Kansas also has a program approved by EPA as meeting the requirements
of Part C, relating to prevention of significant deterioration of air
quality. In order to demonstrate that Kansas has met this sub-element,
this PSD program must cover requirements for not just PM2.5,
but for all other regulated NSR pollutants as well. To implement the
PSD permitting component of section 110(a)(2)(C) for the 1997 and 2006
PM2.5 NAAQS, states were required to submit the necessary
SIP revisions to EPA by May 16, 2011, and July 20, 2012, pursuant to
EPA's NSR PM2.5 Implementation Rule (2008 NSR Rule), (73 FR
28321, May 16, 2008), and EPA's PM2.5 Increment--Significant
Impact Levels (SILs)--Significant Monitoring Concentration (SMC) rule,
(75 FR 64864, October 20, 2010). As described in section IV above, the
January 4, 2013, court decision remanding the 2008 rule does not impact
the EPA's action as to this element.
The 2008 NSR Rule finalized several new requirements for SIPs to
address sources that emit direct PM2.5 and other pollutants
that contribute to secondary PM2.5 formation. One of these
requirements is for NSR permits to address pollutants responsible for
the secondary formation of PM2.5, otherwise known as
precursors. In the 2008 NSR Rule, EPA identified precursors to
PM2.5 for the PSD program to include sulfur dioxide
(SO2) and nitrogen oxide (NOX) (unless the state
demonstrates to the Administrator's satisfaction or EPA demonstrates
that NOX emissions in an area are not a significant
contributor to that area's ambient PM2.5 concentrations)

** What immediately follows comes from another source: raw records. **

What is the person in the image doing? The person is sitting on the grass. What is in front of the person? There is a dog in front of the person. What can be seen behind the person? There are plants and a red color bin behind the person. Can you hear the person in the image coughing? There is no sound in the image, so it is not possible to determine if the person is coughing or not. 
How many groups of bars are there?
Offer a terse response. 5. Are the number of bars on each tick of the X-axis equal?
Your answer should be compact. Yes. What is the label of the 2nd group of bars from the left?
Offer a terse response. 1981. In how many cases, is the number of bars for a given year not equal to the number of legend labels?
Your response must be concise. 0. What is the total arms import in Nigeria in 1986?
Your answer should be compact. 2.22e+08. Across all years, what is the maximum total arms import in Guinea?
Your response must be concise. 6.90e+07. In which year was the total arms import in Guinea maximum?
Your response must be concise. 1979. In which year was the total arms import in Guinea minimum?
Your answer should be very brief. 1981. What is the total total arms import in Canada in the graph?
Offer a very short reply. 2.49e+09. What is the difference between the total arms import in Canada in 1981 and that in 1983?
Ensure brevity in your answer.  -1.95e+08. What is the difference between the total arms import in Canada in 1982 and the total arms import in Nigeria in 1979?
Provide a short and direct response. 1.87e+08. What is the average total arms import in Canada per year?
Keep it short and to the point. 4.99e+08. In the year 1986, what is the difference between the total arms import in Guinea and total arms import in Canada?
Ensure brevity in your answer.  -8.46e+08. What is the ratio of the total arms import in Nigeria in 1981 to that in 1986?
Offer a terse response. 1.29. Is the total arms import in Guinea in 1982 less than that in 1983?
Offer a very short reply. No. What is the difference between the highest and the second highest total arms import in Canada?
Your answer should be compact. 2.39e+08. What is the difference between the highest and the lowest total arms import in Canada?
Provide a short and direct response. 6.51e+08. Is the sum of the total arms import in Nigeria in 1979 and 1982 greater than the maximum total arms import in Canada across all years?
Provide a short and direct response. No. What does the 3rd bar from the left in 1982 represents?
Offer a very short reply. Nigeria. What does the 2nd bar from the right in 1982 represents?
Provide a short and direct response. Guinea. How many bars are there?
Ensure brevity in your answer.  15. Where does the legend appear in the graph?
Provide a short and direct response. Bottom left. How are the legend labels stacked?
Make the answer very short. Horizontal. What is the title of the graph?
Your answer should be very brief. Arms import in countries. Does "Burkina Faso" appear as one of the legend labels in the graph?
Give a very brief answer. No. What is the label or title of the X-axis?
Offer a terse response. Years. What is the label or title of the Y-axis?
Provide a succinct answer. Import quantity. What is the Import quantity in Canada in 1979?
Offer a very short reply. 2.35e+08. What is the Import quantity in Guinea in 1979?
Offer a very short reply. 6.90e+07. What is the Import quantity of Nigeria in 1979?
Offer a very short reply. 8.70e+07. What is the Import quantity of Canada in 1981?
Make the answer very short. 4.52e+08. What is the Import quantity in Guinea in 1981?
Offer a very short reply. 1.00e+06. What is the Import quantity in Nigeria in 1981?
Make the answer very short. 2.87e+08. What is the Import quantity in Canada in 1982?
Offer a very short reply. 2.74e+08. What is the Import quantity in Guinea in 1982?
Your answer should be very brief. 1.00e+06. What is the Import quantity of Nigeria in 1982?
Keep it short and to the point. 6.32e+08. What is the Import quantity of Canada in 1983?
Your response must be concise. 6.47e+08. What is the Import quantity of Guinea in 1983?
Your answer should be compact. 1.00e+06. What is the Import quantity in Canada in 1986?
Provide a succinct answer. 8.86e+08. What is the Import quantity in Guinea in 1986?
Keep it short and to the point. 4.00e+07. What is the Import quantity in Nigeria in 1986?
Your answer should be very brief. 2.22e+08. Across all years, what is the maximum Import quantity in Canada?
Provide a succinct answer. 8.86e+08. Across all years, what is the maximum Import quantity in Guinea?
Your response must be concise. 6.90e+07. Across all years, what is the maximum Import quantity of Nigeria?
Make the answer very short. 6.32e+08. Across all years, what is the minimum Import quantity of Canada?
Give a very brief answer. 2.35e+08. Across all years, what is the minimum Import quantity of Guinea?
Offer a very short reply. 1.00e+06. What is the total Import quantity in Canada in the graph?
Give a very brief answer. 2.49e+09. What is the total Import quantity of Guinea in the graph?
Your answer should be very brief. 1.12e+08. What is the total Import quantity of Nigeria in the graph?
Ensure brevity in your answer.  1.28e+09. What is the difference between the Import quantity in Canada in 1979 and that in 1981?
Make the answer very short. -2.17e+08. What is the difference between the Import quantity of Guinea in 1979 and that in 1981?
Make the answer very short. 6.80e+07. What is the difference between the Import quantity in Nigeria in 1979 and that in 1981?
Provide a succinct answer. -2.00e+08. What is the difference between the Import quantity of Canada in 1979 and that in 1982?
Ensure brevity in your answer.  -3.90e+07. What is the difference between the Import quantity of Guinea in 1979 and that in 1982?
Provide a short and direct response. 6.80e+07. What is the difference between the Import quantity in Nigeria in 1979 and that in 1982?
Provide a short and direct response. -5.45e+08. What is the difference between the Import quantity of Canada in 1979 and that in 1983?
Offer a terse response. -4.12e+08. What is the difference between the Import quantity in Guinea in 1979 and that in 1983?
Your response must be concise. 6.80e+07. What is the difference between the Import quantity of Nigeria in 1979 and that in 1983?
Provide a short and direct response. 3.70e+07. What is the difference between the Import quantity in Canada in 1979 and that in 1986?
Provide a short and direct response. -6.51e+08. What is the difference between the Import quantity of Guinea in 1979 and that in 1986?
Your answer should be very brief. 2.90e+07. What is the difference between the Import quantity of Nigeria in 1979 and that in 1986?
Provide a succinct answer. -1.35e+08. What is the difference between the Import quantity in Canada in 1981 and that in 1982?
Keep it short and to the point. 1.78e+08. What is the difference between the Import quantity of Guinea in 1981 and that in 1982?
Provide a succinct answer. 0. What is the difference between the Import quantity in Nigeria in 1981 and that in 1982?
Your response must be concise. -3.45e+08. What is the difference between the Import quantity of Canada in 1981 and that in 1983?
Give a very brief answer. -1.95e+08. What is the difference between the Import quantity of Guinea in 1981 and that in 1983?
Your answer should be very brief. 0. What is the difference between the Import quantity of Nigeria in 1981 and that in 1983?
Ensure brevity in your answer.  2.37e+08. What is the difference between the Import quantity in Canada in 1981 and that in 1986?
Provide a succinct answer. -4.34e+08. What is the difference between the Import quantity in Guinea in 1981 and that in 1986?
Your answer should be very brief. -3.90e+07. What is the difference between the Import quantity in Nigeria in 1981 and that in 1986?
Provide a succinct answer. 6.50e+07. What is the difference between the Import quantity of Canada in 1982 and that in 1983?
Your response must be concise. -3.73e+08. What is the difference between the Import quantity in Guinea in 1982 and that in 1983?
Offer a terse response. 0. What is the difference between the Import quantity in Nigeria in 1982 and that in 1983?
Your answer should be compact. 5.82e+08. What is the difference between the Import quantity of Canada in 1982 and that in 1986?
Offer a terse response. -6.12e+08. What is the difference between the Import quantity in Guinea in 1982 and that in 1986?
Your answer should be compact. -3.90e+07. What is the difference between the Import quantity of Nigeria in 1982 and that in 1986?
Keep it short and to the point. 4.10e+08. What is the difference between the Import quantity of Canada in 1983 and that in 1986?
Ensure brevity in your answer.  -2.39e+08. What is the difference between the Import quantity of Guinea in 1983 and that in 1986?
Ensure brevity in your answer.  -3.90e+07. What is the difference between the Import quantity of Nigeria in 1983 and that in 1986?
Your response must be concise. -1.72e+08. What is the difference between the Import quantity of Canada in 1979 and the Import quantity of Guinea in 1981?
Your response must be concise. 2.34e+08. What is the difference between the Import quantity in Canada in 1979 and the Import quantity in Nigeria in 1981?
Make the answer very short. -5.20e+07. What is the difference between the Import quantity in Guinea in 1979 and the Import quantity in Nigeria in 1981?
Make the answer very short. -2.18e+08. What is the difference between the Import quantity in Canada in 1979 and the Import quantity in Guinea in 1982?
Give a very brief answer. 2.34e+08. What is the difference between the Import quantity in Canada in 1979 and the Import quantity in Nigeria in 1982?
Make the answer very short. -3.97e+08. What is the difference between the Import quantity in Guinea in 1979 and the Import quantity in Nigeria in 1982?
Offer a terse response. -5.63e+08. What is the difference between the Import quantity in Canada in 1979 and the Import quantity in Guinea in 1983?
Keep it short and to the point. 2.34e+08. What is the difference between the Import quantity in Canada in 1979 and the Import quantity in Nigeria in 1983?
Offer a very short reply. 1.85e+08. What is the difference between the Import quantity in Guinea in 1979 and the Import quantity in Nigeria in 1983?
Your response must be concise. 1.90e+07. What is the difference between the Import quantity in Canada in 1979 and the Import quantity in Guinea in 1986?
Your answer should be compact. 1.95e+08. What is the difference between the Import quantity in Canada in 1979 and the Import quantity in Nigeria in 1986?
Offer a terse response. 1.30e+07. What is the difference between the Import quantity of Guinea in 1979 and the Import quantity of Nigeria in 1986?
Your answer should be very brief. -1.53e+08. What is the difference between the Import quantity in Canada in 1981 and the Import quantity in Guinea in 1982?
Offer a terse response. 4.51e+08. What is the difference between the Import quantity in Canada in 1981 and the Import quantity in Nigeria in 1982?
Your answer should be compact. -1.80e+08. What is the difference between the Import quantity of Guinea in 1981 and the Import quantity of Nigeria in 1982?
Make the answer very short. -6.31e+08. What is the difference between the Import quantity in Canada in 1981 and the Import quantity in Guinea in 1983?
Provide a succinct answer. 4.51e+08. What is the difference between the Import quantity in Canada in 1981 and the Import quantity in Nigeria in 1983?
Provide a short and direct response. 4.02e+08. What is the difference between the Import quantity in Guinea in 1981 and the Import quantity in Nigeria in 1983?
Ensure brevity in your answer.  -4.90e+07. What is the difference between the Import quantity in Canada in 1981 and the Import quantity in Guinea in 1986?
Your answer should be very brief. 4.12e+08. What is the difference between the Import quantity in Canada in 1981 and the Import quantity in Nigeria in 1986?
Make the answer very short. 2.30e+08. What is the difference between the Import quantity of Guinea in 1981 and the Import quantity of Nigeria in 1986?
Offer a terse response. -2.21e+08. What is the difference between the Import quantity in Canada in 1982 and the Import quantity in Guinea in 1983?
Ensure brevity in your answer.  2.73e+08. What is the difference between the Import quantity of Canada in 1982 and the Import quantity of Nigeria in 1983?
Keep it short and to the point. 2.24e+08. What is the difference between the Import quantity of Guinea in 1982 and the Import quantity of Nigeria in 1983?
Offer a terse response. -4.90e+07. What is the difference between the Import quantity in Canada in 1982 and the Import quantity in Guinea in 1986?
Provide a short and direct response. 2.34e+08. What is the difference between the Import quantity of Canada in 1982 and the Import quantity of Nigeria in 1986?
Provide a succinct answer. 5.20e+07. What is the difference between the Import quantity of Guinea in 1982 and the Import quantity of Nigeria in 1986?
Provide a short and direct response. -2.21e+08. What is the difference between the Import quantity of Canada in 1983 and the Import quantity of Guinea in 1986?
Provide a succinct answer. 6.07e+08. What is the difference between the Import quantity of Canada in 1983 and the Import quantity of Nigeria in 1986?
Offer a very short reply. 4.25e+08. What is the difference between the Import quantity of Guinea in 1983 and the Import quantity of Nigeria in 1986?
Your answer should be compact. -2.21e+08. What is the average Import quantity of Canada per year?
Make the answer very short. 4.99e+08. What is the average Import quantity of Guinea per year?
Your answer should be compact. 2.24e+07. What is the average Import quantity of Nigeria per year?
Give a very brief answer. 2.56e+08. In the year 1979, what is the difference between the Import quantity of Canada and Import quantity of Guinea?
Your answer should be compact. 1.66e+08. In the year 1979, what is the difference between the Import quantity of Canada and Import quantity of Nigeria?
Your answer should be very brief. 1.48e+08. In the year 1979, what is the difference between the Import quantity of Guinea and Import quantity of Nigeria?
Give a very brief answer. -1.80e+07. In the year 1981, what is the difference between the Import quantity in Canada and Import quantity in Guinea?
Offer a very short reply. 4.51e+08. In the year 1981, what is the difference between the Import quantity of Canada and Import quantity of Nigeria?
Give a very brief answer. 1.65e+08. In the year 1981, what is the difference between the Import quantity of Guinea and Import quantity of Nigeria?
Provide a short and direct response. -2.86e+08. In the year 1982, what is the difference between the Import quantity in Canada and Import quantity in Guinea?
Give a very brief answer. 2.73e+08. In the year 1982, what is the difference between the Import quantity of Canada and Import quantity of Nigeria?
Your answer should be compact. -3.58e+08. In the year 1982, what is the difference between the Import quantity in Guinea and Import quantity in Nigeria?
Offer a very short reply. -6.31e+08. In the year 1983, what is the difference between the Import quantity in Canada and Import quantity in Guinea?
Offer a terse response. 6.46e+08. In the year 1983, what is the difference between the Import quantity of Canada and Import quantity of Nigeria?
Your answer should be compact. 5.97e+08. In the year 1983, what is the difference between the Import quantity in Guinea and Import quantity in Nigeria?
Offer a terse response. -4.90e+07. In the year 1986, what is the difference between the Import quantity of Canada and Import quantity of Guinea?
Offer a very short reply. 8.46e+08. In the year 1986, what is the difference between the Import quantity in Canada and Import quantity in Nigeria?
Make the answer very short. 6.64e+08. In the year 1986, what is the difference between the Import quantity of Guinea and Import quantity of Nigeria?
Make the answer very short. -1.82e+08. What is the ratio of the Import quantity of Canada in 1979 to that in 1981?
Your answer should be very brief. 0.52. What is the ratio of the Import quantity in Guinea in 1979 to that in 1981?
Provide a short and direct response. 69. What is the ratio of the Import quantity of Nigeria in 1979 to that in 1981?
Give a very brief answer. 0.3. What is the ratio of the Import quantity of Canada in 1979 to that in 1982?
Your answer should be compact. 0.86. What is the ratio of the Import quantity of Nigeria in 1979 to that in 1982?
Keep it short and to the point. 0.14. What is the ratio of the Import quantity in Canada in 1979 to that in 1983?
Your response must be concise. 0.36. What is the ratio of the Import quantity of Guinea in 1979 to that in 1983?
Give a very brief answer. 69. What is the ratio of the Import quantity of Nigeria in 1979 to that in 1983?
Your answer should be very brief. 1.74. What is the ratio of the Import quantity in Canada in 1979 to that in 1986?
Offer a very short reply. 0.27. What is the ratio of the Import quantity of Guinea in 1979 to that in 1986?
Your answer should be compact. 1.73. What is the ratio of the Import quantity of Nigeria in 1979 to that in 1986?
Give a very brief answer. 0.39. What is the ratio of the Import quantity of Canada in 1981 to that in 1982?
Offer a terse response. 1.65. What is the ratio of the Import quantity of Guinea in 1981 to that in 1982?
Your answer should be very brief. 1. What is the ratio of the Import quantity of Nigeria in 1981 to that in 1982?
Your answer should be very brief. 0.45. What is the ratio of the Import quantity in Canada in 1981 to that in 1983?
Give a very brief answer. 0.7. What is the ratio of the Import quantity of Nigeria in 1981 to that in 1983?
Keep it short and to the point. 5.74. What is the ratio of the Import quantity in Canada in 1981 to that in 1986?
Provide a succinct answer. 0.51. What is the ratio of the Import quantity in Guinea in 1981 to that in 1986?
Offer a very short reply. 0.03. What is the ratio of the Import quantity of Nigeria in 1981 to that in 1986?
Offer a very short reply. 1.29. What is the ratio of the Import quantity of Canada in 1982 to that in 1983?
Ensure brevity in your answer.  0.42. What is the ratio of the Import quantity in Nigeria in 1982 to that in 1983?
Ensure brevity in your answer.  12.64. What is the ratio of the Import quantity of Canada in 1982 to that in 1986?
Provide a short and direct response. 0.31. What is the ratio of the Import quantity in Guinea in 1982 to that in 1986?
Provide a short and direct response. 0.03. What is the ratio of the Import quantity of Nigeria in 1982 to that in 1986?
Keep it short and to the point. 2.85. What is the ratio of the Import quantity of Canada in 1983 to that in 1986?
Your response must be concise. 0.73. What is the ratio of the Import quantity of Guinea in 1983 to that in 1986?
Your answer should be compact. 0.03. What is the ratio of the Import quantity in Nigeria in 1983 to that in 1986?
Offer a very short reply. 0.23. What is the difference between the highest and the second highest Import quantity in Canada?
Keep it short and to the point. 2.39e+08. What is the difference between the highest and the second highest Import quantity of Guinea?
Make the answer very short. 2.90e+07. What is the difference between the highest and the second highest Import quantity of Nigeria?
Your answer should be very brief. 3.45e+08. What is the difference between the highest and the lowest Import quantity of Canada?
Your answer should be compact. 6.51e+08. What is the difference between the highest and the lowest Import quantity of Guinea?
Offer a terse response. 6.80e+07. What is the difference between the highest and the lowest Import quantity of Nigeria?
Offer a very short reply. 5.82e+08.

(see 73 FR 28325). The 2008 NSR Rule also specifies that volatile
organic compounds (VOCs) are not considered to be precursors to
PM2.5 in the PSD program unless the state demonstrates to
the Administrator's satisfaction or EPA demonstrates that emissions of
VOCs in an area are significant contributors to that area's ambient
PM2.5 concentrations. The specific references to
SO2, NOX, and VOCs as they pertain to secondary
PM2.5 formation are codified at 40 CFR 51.166(b)(49)(i)(b)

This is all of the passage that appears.